According to the third aspect of the present invention, the outer ring having a concave spherical track whose center is the center of curvature of the bearing, the inner ring having two rows of tracks, the retainer and the guide wheel are used. A double-row spherical roller bearing comprising two rows of barrel rollers disposed between the raceways of the inner and outer rings, wherein the guide wheels are subjected to austempering, so that, for example, they are melted as a quenching refrigerant. By using a salt or the like, the cooling of the work is performed uniformly and quickly as compared with oil quenching and the like, and the transformation of the work becomes bainite transformation which is a diffusion transformation by isothermal transformation using the S curve. As a result, a guide wheel having high toughness and heat treatment deformation less than the allowable limit can be obtained, and post-processing of the guide wheel becomes unnecessary, so that the number of steps and the manufacturing time can be reduced.
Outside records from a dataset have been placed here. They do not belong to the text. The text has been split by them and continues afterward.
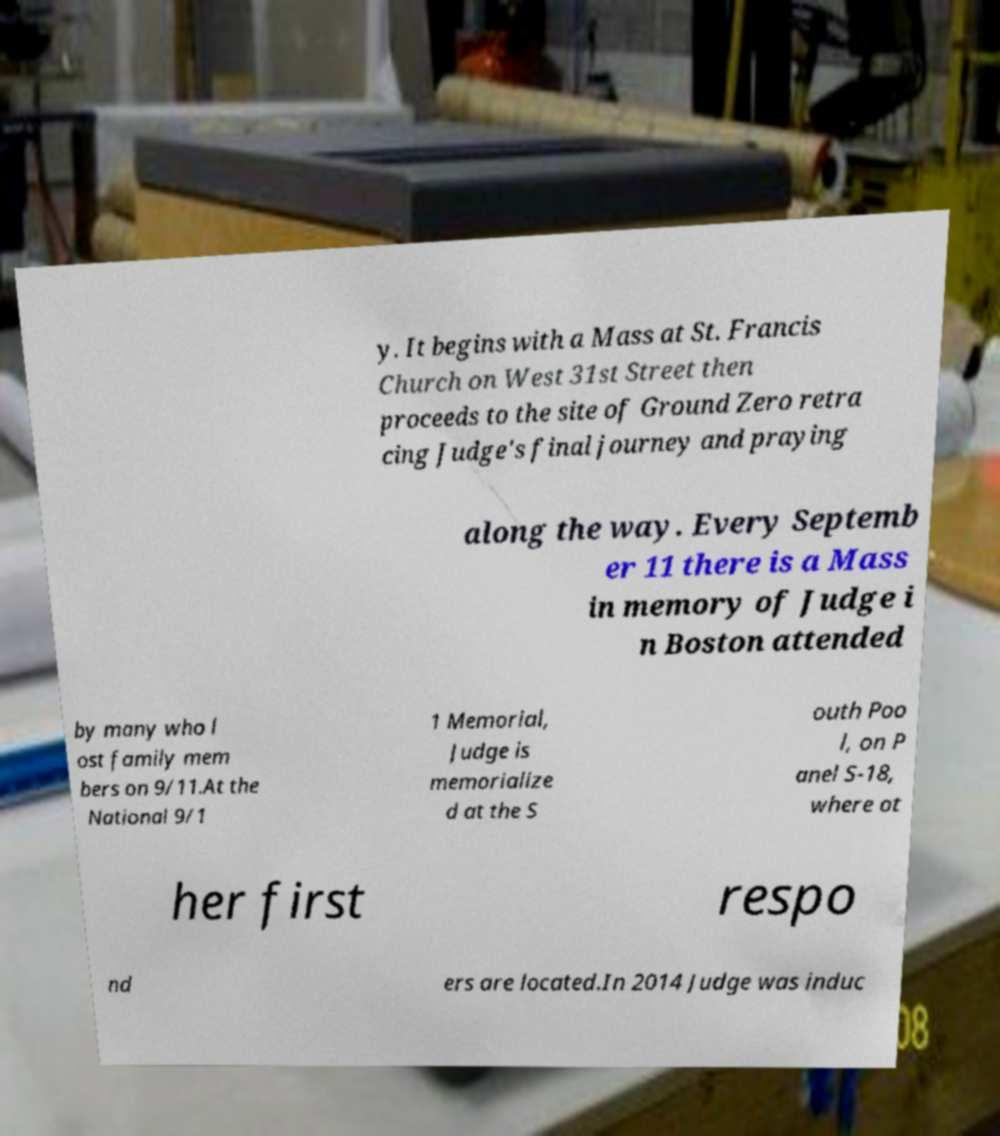There's text embedded in this image that I need extracted. Can you transcribe it verbatim? y. It begins with a Mass at St. Francis Church on West 31st Street then proceeds to the site of Ground Zero retra cing Judge's final journey and praying along the way. Every Septemb er 11 there is a Mass in memory of Judge i n Boston attended by many who l ost family mem bers on 9/11.At the National 9/1 1 Memorial, Judge is memorialize d at the S outh Poo l, on P anel S-18, where ot her first respo nd ers are located.In 2014 Judge was induc 
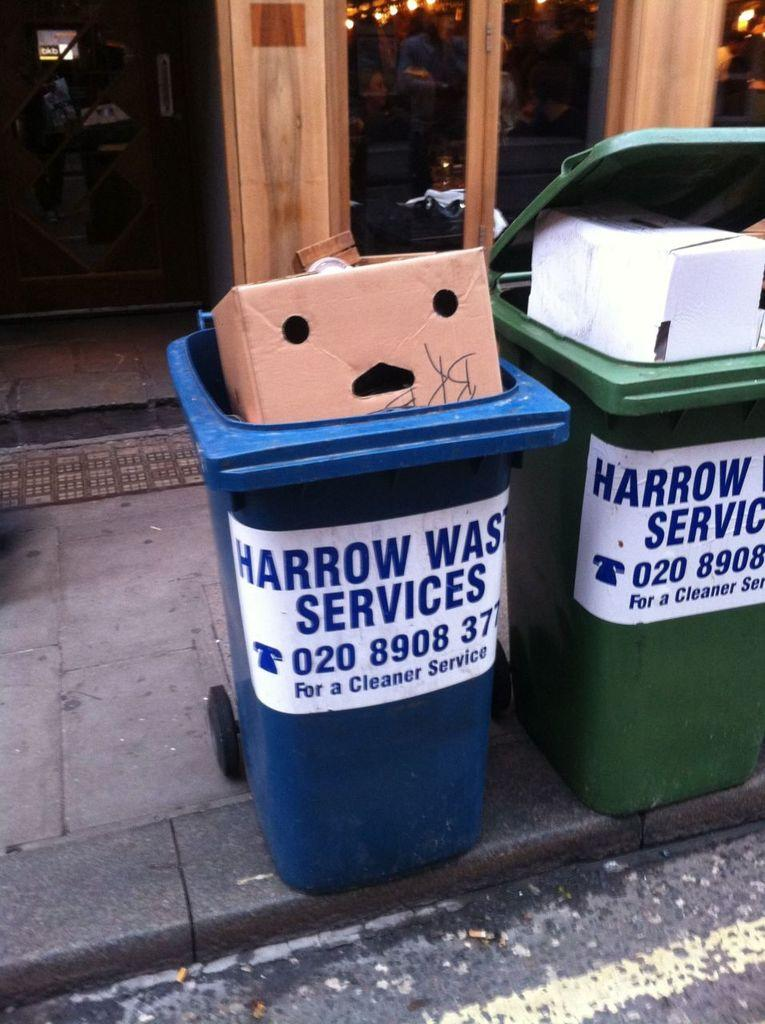<image>
Provide a brief description of the given image. Two harrow waste services full of trash and boxes 
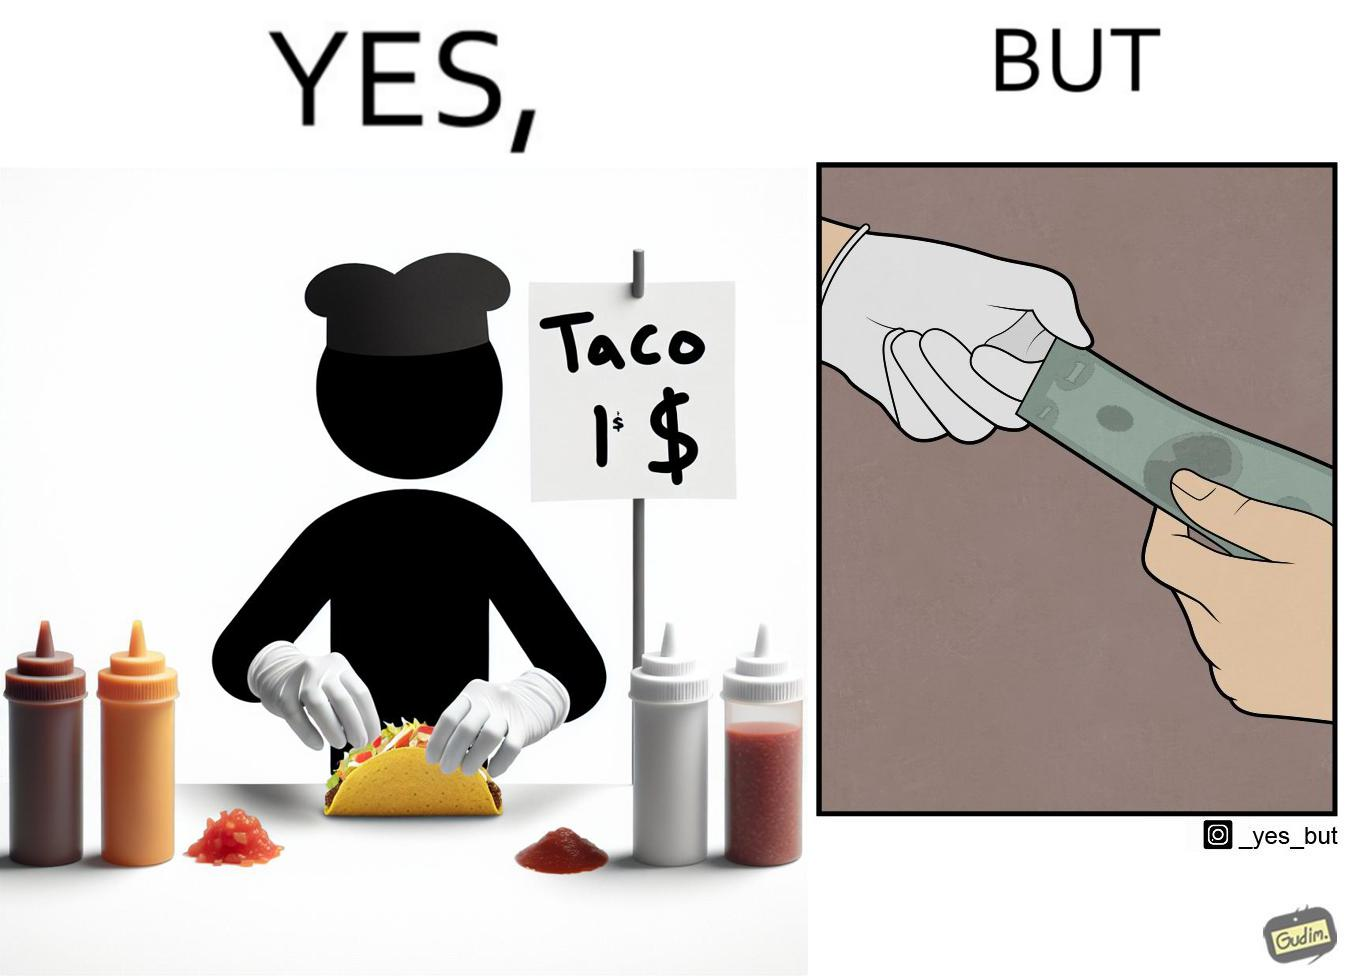Is this a satirical image? Yes, this image is satirical. 
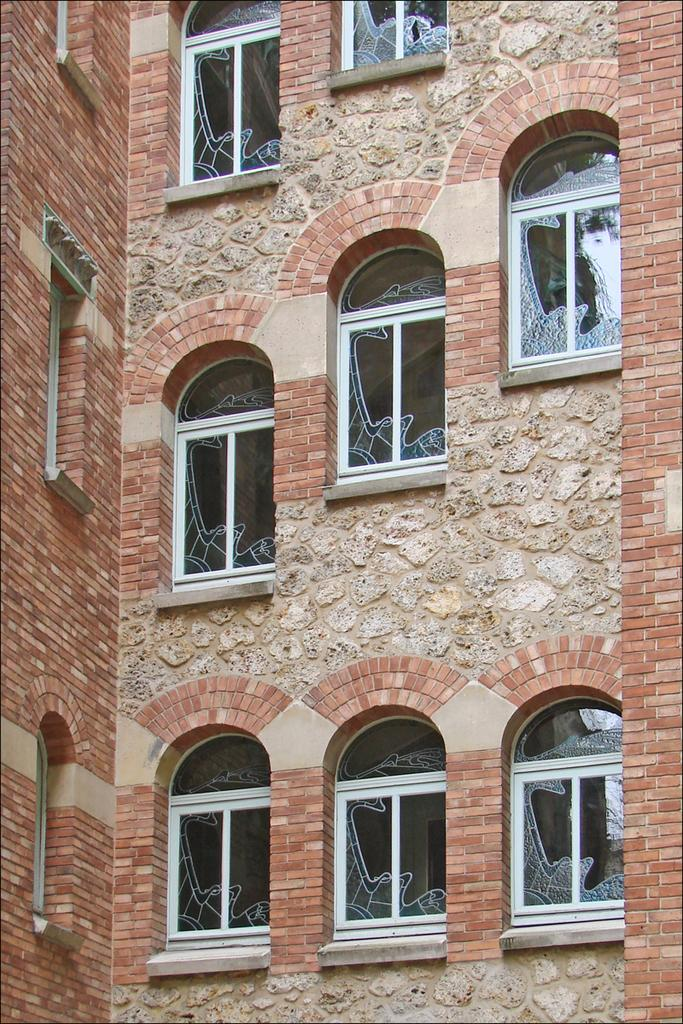What can be seen in the image that provides a view of the outside? There is a window visible in the image. What type of structure does the window belong to? The window is part of a building. What type of alarm is present near the window in the image? There is no alarm present near the window in the image. Is there a scarf hanging on the window in the image? There is no scarf present on the window in the image.

[Brief description of the drawings]

FIG. 1 is a half longitudinal sectional view showing a double row spherical roller bearing according to an embodiment.
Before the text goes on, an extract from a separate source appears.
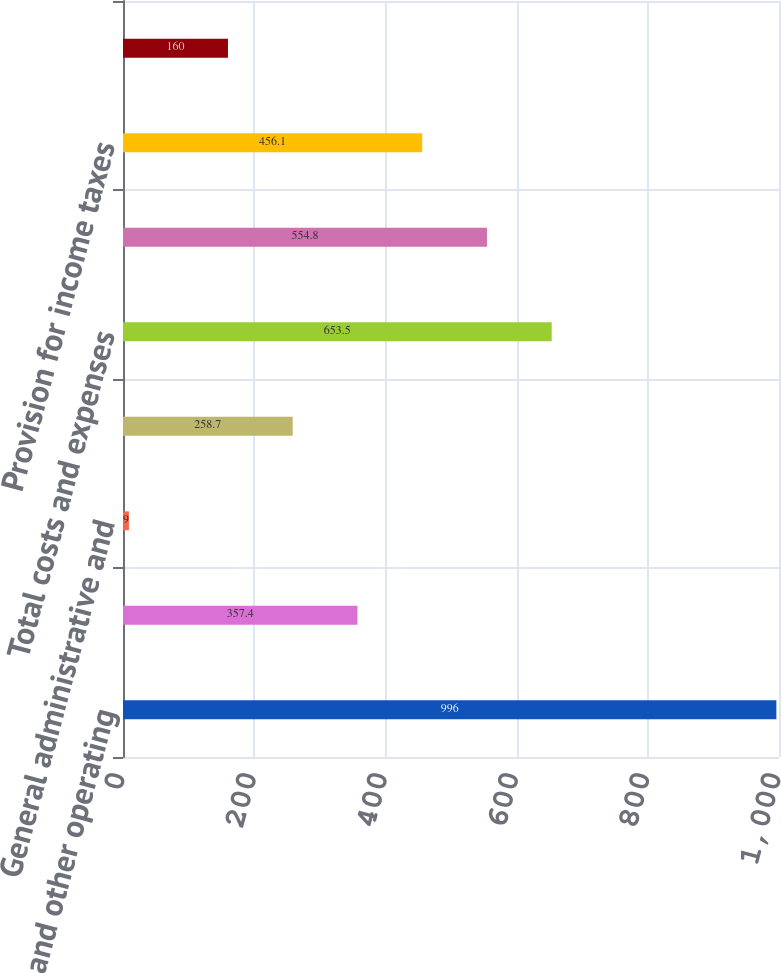Convert chart to OTSL. <chart><loc_0><loc_0><loc_500><loc_500><bar_chart><fcel>Sales and other operating<fcel>Production expenses including<fcel>General administrative and<fcel>Depreciation depletion and<fcel>Total costs and expenses<fcel>Results of operations before<fcel>Provision for income taxes<fcel>Results of operations<nl><fcel>996<fcel>357.4<fcel>9<fcel>258.7<fcel>653.5<fcel>554.8<fcel>456.1<fcel>160<nl></chart>

FIG. 2 is a half cut front view showing a guide wheel in the embodiment.

FIG. 3 is an explanatory diagram showing a tempering step in the embodiment.
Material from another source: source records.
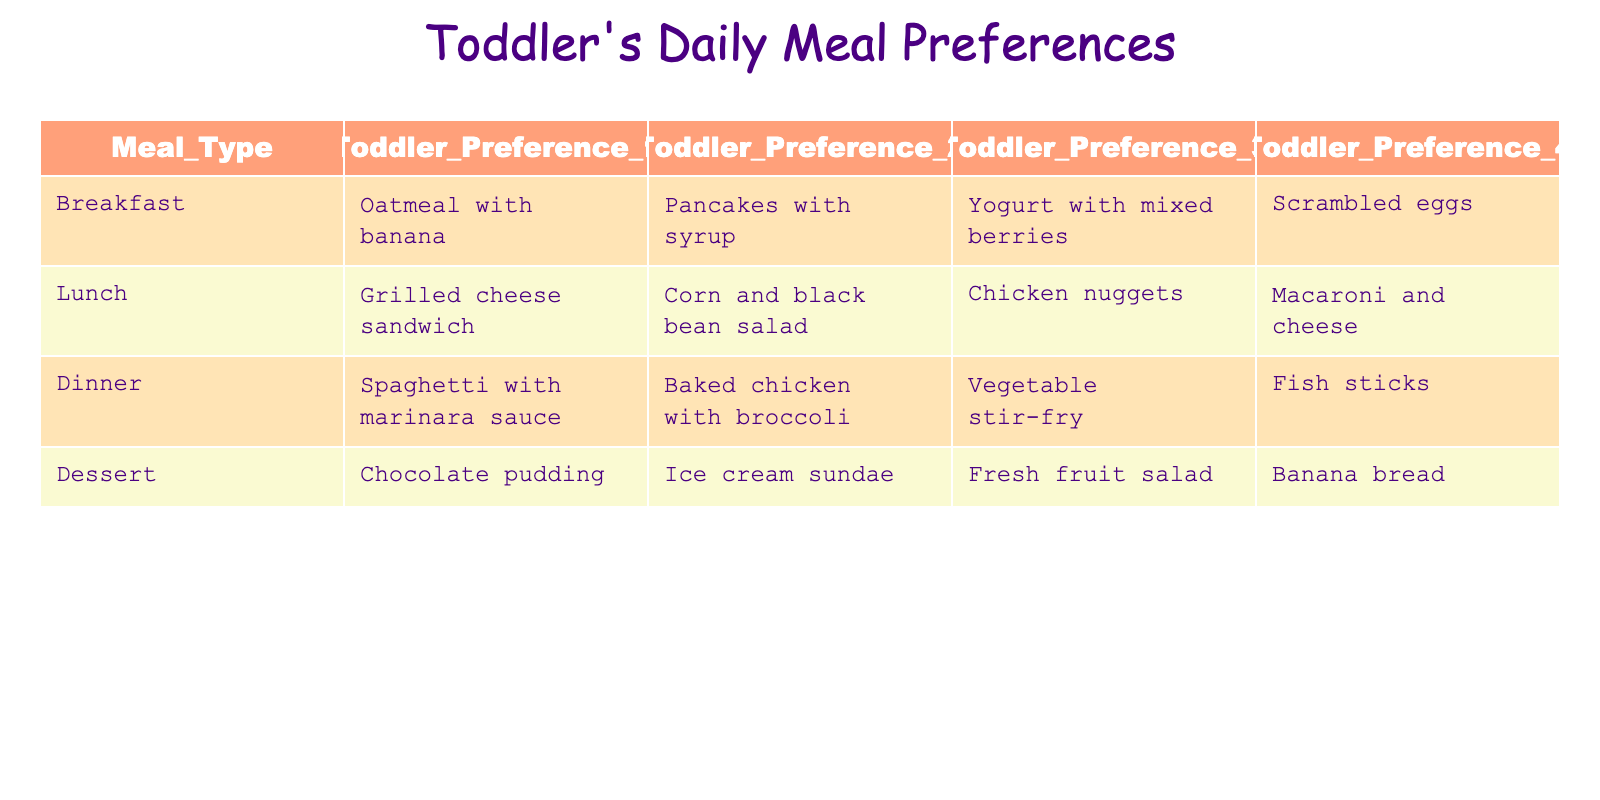What are the top 2 breakfast preferences for the toddler? The top 2 breakfast preferences can be found in the "Breakfast" row. They are "Oatmeal with banana" as the first preference and "Pancakes with syrup" as the second preference.
Answer: Oatmeal with banana, Pancakes with syrup How many different types of lunch options are listed? The table contains four lunch options in the "Lunch" row: "Grilled cheese sandwich," "Corn and black bean salad," "Chicken nuggets," and "Macaroni and cheese." So, there are four different types.
Answer: 4 Is "Fish sticks" one of the dinner preferences? "Fish sticks" is listed under the "Dinner" row as one of the preferences, indicating that it is indeed a preferred dinner option for the toddler.
Answer: Yes What is the toddler's least preferred dessert? To determine the least preferred dessert, we can refer to the "Dessert" row. "Banana bread" is the fourth preference, indicating it is the least preferred option among the listed desserts.
Answer: Banana bread If the top lunch preference was combined with the top dessert preference, what would it be? The top lunch preference is "Grilled cheese sandwich" and the top dessert preference is "Chocolate pudding." Combining these gives us "Grilled cheese sandwich and chocolate pudding."
Answer: Grilled cheese sandwich and chocolate pudding What are the toddler's preferences for lunch that don't include meat? The lunch options that do not include meat are "Grilled cheese sandwich" and "Corn and black bean salad." Therefore, these are the preferences without meat.
Answer: Grilled cheese sandwich, Corn and black bean salad What dessert option scores higher: "Ice cream sundae" or "Fresh fruit salad"? Since both "Ice cream sundae" and "Fresh fruit salad" are second and third preferences respectively in the dessert category, "Ice cream sundae" scores higher than "Fresh fruit salad" as the second preference is better than the third.
Answer: Ice cream sundae Which meal type has the most options listed? Analyzing the table, all meal types have four options listed, making it equal across breakfast, lunch, dinner, and dessert. Therefore, no meal type has more options than others.
Answer: All meal types have the same number of options (4)

FIG. 4 is a graph showing an amount of deformation (warpage) after performing a correction tempering and a normal tempering according to the embodiment.

FIG. 5 is a half vertical sectional view showing another example of a double row spherical roller bearing to which the present invention can be applied.

FIG. 6 is a half-cut front view showing a guide wheel in the example.

FIG. 7 is a graph showing the amount of warpage of the guide wheels due to quenching.

FIG. 8 is a table showing a comparison between each embodiment and a conventional device.

[Explanation of symbols]

 1 outer race 3 raceway 5 inner raceway 7 raceway 9 roller 11 roll press retainer 13 guide wheel 31, 33, 35 correction type 37 high frequency heating coil 39 temperature Total

Claims (3)

[Claims] 1. An outer ring having a concave spherical raceway centered on the center of curvature of a bearing center, an inner ring having two rows of raceways, and a raceway between the inner and outer rings via a retainer and a guide wheel. A double row spherical roller bearing comprising two rows of barrel rollers, wherein the guide wheel is quenched or tempered in a state in which at least one of an outer peripheral surface, an inner peripheral surface, and an end surface is restricted. Double row spherical roller bearing characterized by having been subjected to the following. 2. An outer ring having a concave spherical track whose center of curvature is a bearing center, an inner ring having two rows of tracks, and a track between the inner and outer rings via a retainer and a guide wheel. A double-row spherical roller bearing comprising two rows of barrel rollers, wherein the guide wheel is subjected to a quenching treatment in a high-pressure gas atmosphere. 3. An outer ring having a concave spherical track whose center of curvature is a bearing center, an inner ring having two rows of tracks, and a track between the inner and outer rings via a retainer and a guide wheel. A double row spherical roller bearing comprising two rows of barrel rollers, wherein the guide wheel is subjected to austempering.